Church in Brooklyn, New York

The Hanson Place Central United Methodist Church is a Methodist cathedral in the Fort Greene neighborhood of Brooklyn, New York City. It is located on the northwest corner of Hanson Place and St. Felix Street, adjacent to the Williamsburgh Savings Bank Tower. The church is the third Methodist church on the site. The present structure was built in 1929–1931, and its architectural style has been called "Gothic restyled in modern dress, an exercise in massing brick and tan terra cotta that might be called cubistic Art Moderne."

The church's street level features retail stores, and it is also listed as the headquarters for the Boy Scouts in Brooklyn.

As of 2010, Hanson Place Central hosts a midday inspirational service for all members of the downtown Brooklyn community daily at 12 noon. They work to engage all members of their surrounding community. They also have a food pantry open to the public in need.

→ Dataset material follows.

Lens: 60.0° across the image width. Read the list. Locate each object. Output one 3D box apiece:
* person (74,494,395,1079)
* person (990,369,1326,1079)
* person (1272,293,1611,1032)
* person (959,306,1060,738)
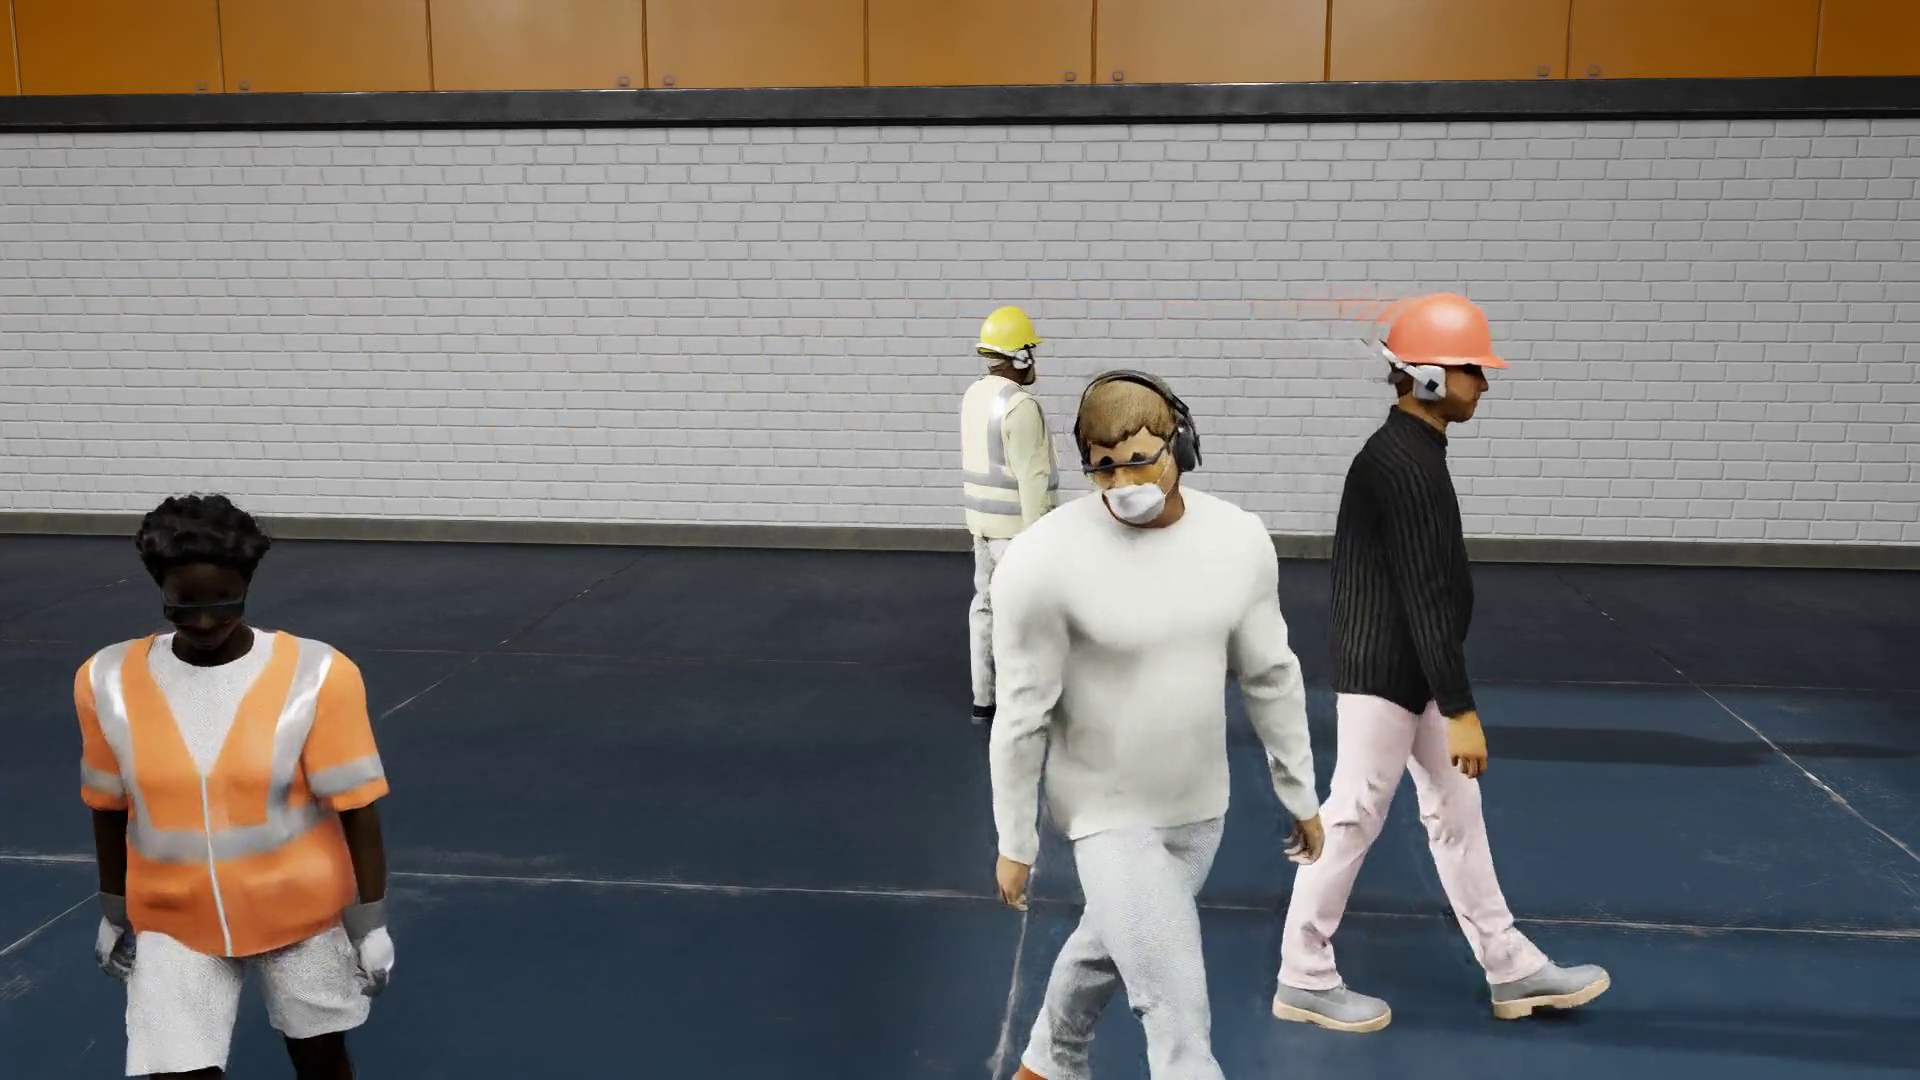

The church is located within the Brooklyn Academy of Music Historic District, which was created in 1978 by the New York City Landmarks Preservation Commission.

==History==
The first Methodist church on the site was erected in 1857 on land purchased the year before; prior to that the land had been part of a farm, and then passed through a number of hands after the farm was sub-divided. The Hanson Place Methodist Church, which could accommodate 800 people and had a Sunday school in the basement, was dedicated on January 3, 1858. A new Sunday school building was constructed in 1860, and a parsonage in 1863. By 1872 a larger church was required, which started construction in 1873 and was dedicated on January 4, 1874.

In 1927, the Hanson Place church merged with the Summerfield Methodist Church and the Fleet Street Methodist Church to create the Central Methodist Episcopal Church. The new combined congregation planned on building a new church, and purchased a site for it, but when the 1874 building was condemned by the Department of Buildings as unsafe for occupation due to damage done by subway construction underneath it, the parish decided instead to replace the condemned building and keep the church on the same site.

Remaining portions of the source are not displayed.